• DATASET ENTRIES:

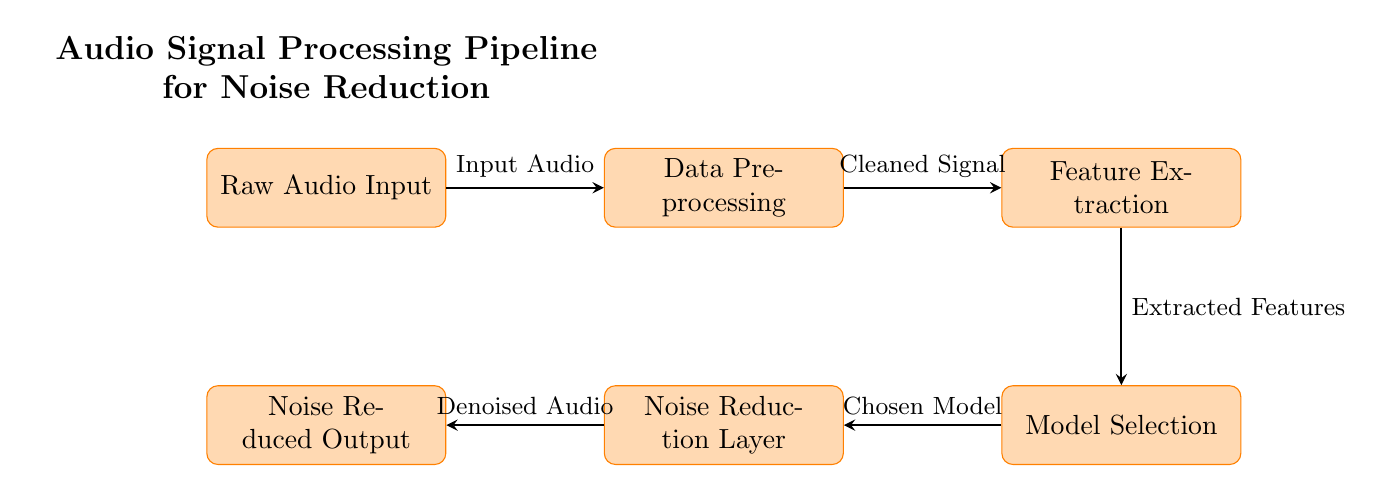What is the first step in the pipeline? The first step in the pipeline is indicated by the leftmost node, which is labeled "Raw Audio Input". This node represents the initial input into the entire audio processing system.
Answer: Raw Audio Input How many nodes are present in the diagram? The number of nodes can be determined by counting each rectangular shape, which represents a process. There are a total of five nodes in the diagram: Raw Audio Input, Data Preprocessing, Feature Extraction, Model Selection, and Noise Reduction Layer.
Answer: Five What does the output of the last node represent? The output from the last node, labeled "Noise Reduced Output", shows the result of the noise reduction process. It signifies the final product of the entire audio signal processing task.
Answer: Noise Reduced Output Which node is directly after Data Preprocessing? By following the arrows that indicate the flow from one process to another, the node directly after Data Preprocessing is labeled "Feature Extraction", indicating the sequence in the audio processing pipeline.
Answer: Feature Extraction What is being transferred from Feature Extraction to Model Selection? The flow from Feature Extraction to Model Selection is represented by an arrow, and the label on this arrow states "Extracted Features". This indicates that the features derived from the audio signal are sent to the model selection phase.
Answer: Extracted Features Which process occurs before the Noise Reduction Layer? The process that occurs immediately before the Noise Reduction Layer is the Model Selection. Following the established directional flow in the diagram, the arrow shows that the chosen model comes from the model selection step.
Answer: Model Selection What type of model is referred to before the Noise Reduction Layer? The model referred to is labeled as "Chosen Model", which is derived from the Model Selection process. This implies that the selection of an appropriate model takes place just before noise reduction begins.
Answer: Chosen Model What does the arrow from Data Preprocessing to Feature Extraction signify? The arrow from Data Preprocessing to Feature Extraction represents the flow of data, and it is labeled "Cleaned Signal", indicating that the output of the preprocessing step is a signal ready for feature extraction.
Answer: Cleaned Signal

--

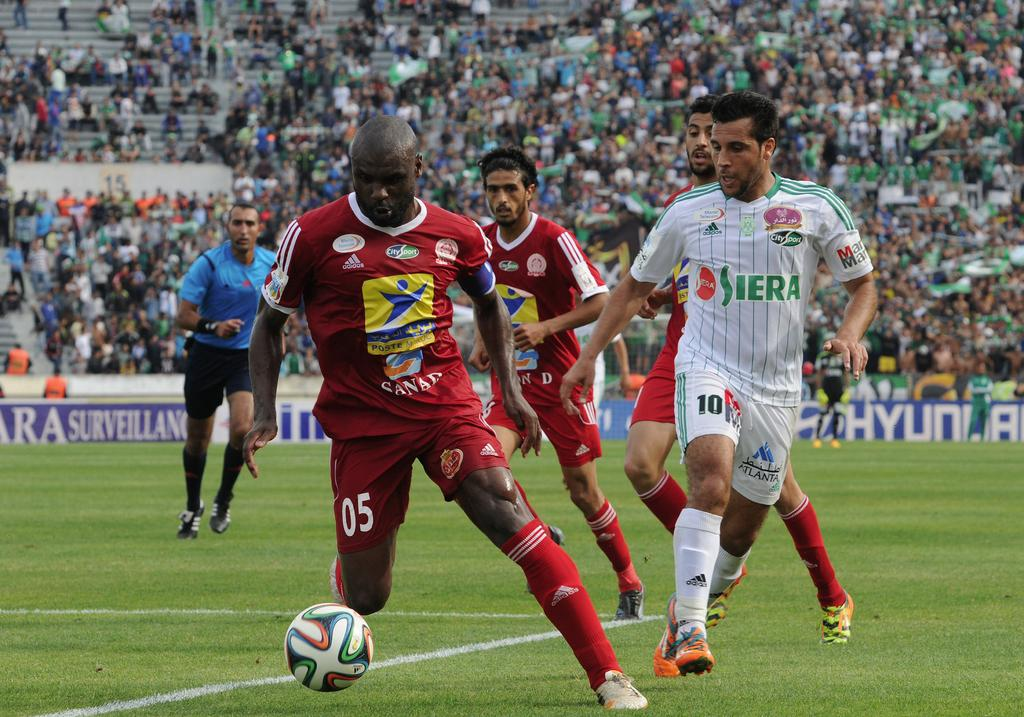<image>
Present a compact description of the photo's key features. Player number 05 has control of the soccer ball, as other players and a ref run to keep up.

...

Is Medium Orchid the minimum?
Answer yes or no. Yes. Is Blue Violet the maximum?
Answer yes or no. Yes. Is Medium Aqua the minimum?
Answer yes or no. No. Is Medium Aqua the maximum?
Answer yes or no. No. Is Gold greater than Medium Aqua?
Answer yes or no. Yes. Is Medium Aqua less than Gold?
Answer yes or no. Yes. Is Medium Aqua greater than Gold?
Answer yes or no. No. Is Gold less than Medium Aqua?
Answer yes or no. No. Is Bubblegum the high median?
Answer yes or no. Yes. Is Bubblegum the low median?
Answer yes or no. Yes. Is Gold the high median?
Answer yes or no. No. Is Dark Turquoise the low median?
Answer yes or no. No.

• EXERCISE REQUIREMENTS: A bare number is the expected answer: the tally of lines in the records above holding "median".

• RESPONSE TO THIS EXERCISE: 4